[DESCRIPTION OF THE TASK]: Reproduce the entries word for word, and omit any picture you find in them.

[RECORDS FOR THE TASK]:
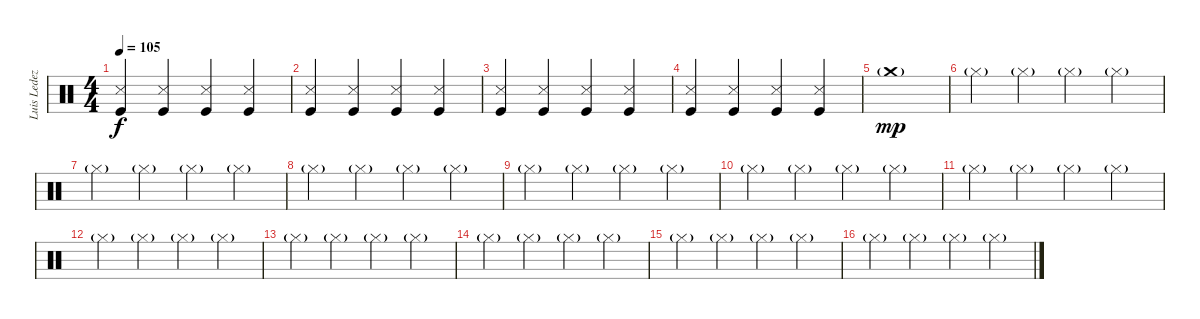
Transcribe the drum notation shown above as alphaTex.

\track ("Luis Ledezma (bateria)" "Luis Ledez") {instrument percussion}
\staff {score}
\articulation defaults
\ts (4 4)
\tempo 105
\clef neutral
\ks c
("Snare (side stick) 3" "Kick (hit)").4{dy f} ("Snare (side stick) 3" "Kick (hit)").4 ("Snare (side stick) 3" "Kick (hit)").4 ("Snare (side stick) 3" "Kick (hit)").4 |
("Snare (side stick) 3" "Kick (hit)").4 ("Snare (side stick) 3" "Kick (hit)").4 ("Snare (side stick) 3" "Kick (hit)").4 ("Snare (side stick) 3" "Kick (hit)").4 |
("Snare (side stick) 3" "Kick (hit)").4 ("Snare (side stick) 3" "Kick (hit)").4 ("Snare (side stick) 3" "Kick (hit)").4 ("Snare (side stick) 3" "Kick (hit)").4 |
("Snare (side stick) 3" "Kick (hit)").4 ("Snare (side stick) 3" "Kick (hit)").4 ("Snare (side stick) 3" "Kick (hit)").4 ("Snare (side stick) 3" "Kick (hit)").4 |
"Crash medium (hit)"{g}.1{dy mp} |
"Hi-Hat (closed)"{g}.4 "Hi-Hat (closed)"{g}.4 "Hi-Hat (closed)"{g}.4 "Hi-Hat (closed)"{g}.4 |
"Hi-Hat (closed)"{g}.4 "Hi-Hat (closed)"{g}.4 "Hi-Hat (closed)"{g}.4 "Hi-Hat (closed)"{g}.4 |
"Hi-Hat (closed)"{g}.4 "Hi-Hat (closed)"{g}.4 "Hi-Hat (closed)"{g}.4 "Hi-Hat (closed)"{g}.4 |
"Hi-Hat (closed)"{g}.4 "Hi-Hat (closed)"{g}.4 "Hi-Hat (closed)"{g}.4 "Hi-Hat (closed)"{g}.4 |
"Hi-Hat (closed)"{g}.4 "Hi-Hat (closed)"{g}.4 "Hi-Hat (closed)"{g}.4 "Hi-Hat (closed)"{g}.4 |
"Hi-Hat (closed)"{g}.4 "Hi-Hat (closed)"{g}.4 "Hi-Hat (closed)"{g}.4 "Hi-Hat (closed)"{g}.4 |
"Hi-Hat (closed)"{g}.4 "Hi-Hat (closed)"{g}.4 "Hi-Hat (closed)"{g}.4 "Hi-Hat (closed)"{g}.4 |
"Hi-Hat (closed)"{g}.4 "Hi-Hat (closed)"{g}.4 "Hi-Hat (closed)"{g}.4 "Hi-Hat (closed)"{g}.4 |
"Hi-Hat (closed)"{g}.4 "Hi-Hat (closed)"{g}.4 "Hi-Hat (closed)"{g}.4 "Hi-Hat (closed)"{g}.4 |
"Hi-Hat (closed)"{g}.4 "Hi-Hat (closed)"{g}.4 "Hi-Hat (closed)"{g}.4 "Hi-Hat (closed)"{g}.4 |
"Hi-Hat (closed)"{g}.4 "Hi-Hat (closed)"{g}.4 "Hi-Hat (closed)"{g}.4 "Hi-Hat (closed)"{g}.4
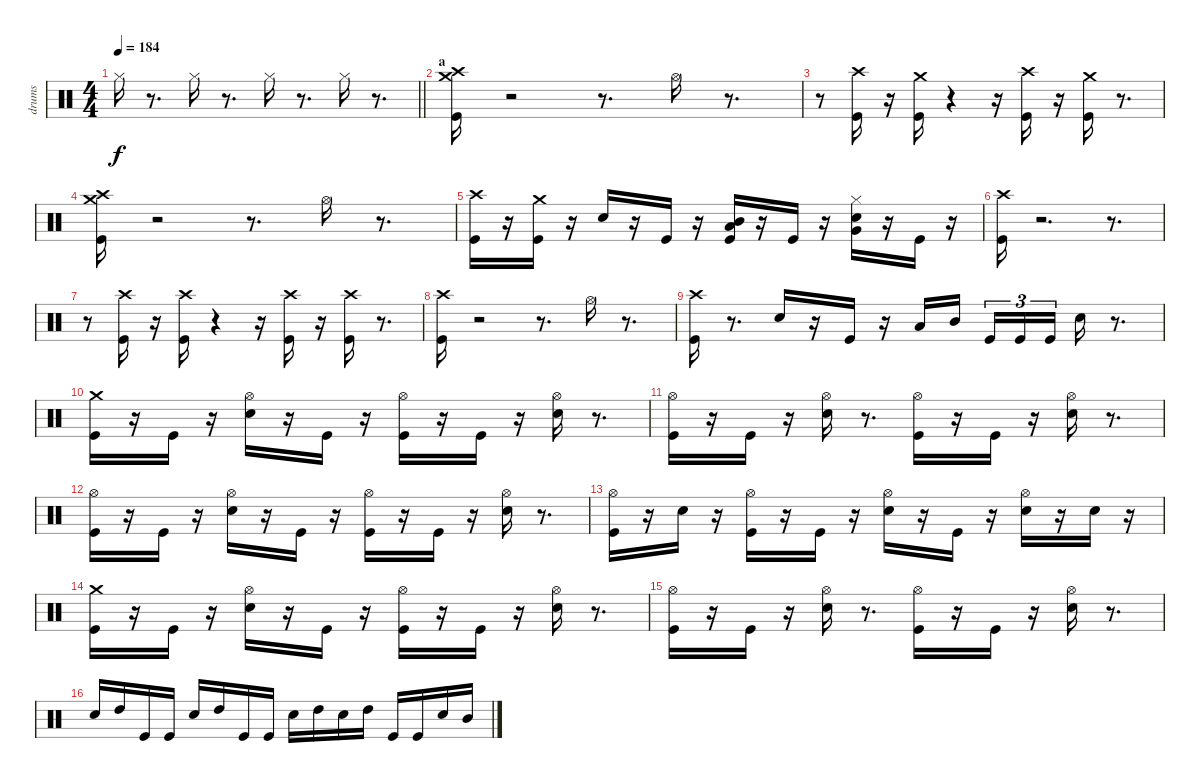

[COMPLETED EXERCISE]:
Transcribe the drum notation shown above as alphaTex.

\track ("Luis Ledezma (bateria)" "Luis Ledez") {instrument percussion}
\staff {score}
\articulation defaults
\ts (4 4)
\tempo 105
\clef neutral
\ks c
("Snare (side stick) 3" "Kick (hit)").4{dy f} ("Snare (side stick) 3" "Kick (hit)").4 ("Snare (side stick) 3" "Kick (hit)").4 ("Snare (side stick) 3" "Kick (hit)").4 |
("Snare (side stick) 3" "Kick (hit)").4 ("Snare (side stick) 3" "Kick (hit)").4 ("Snare (side stick) 3" "Kick (hit)").4 ("Snare (side stick) 3" "Kick (hit)").4 |
("Snare (side stick) 3" "Kick (hit)").4 ("Snare (side stick) 3" "Kick (hit)").4 ("Snare (side stick) 3" "Kick (hit)").4 ("Snare (side stick) 3" "Kick (hit)").4 |
("Snare (side stick) 3" "Kick (hit)").4 ("Snare (side stick) 3" "Kick (hit)").4 ("Snare (side stick) 3" "Kick (hit)").4 ("Snare (side stick) 3" "Kick (hit)").4 |
"Crash medium (hit)"{g}.1{dy mp} |
"Hi-Hat (closed)"{g}.4 "Hi-Hat (closed)"{g}.4 "Hi-Hat (closed)"{g}.4 "Hi-Hat (closed)"{g}.4 |
"Hi-Hat (closed)"{g}.4 "Hi-Hat (closed)"{g}.4 "Hi-Hat (closed)"{g}.4 "Hi-Hat (closed)"{g}.4 |
"Hi-Hat (closed)"{g}.4 "Hi-Hat (closed)"{g}.4 "Hi-Hat (closed)"{g}.4 "Hi-Hat (closed)"{g}.4 |
"Hi-Hat (closed)"{g}.4 "Hi-Hat (closed)"{g}.4 "Hi-Hat (closed)"{g}.4 "Hi-Hat (closed)"{g}.4 |
"Hi-Hat (closed)"{g}.4 "Hi-Hat (closed)"{g}.4 "Hi-Hat (closed)"{g}.4 "Hi-Hat (closed)"{g}.4 |
"Hi-Hat (closed)"{g}.4 "Hi-Hat (closed)"{g}.4 "Hi-Hat (closed)"{g}.4 "Hi-Hat (closed)"{g}.4 |
"Hi-Hat (closed)"{g}.4 "Hi-Hat (closed)"{g}.4 "Hi-Hat (closed)"{g}.4 "Hi-Hat (closed)"{g}.4 |
"Hi-Hat (closed)"{g}.4 "Hi-Hat (closed)"{g}.4 "Hi-Hat (closed)"{g}.4 "Hi-Hat (closed)"{g}.4 |
"Hi-Hat (closed)"{g}.4 "Hi-Hat (closed)"{g}.4 "Hi-Hat (closed)"{g}.4 "Hi-Hat (closed)"{g}.4 |
"Hi-Hat (closed)"{g}.4 "Hi-Hat (closed)"{g}.4 "Hi-Hat (closed)"{g}.4 "Hi-Hat (closed)"{g}.4 |
"Hi-Hat (closed)"{g}.4 "Hi-Hat (closed)"{g}.4 "Hi-Hat (closed)"{g}.4 "Hi-Hat (closed)"{g}.4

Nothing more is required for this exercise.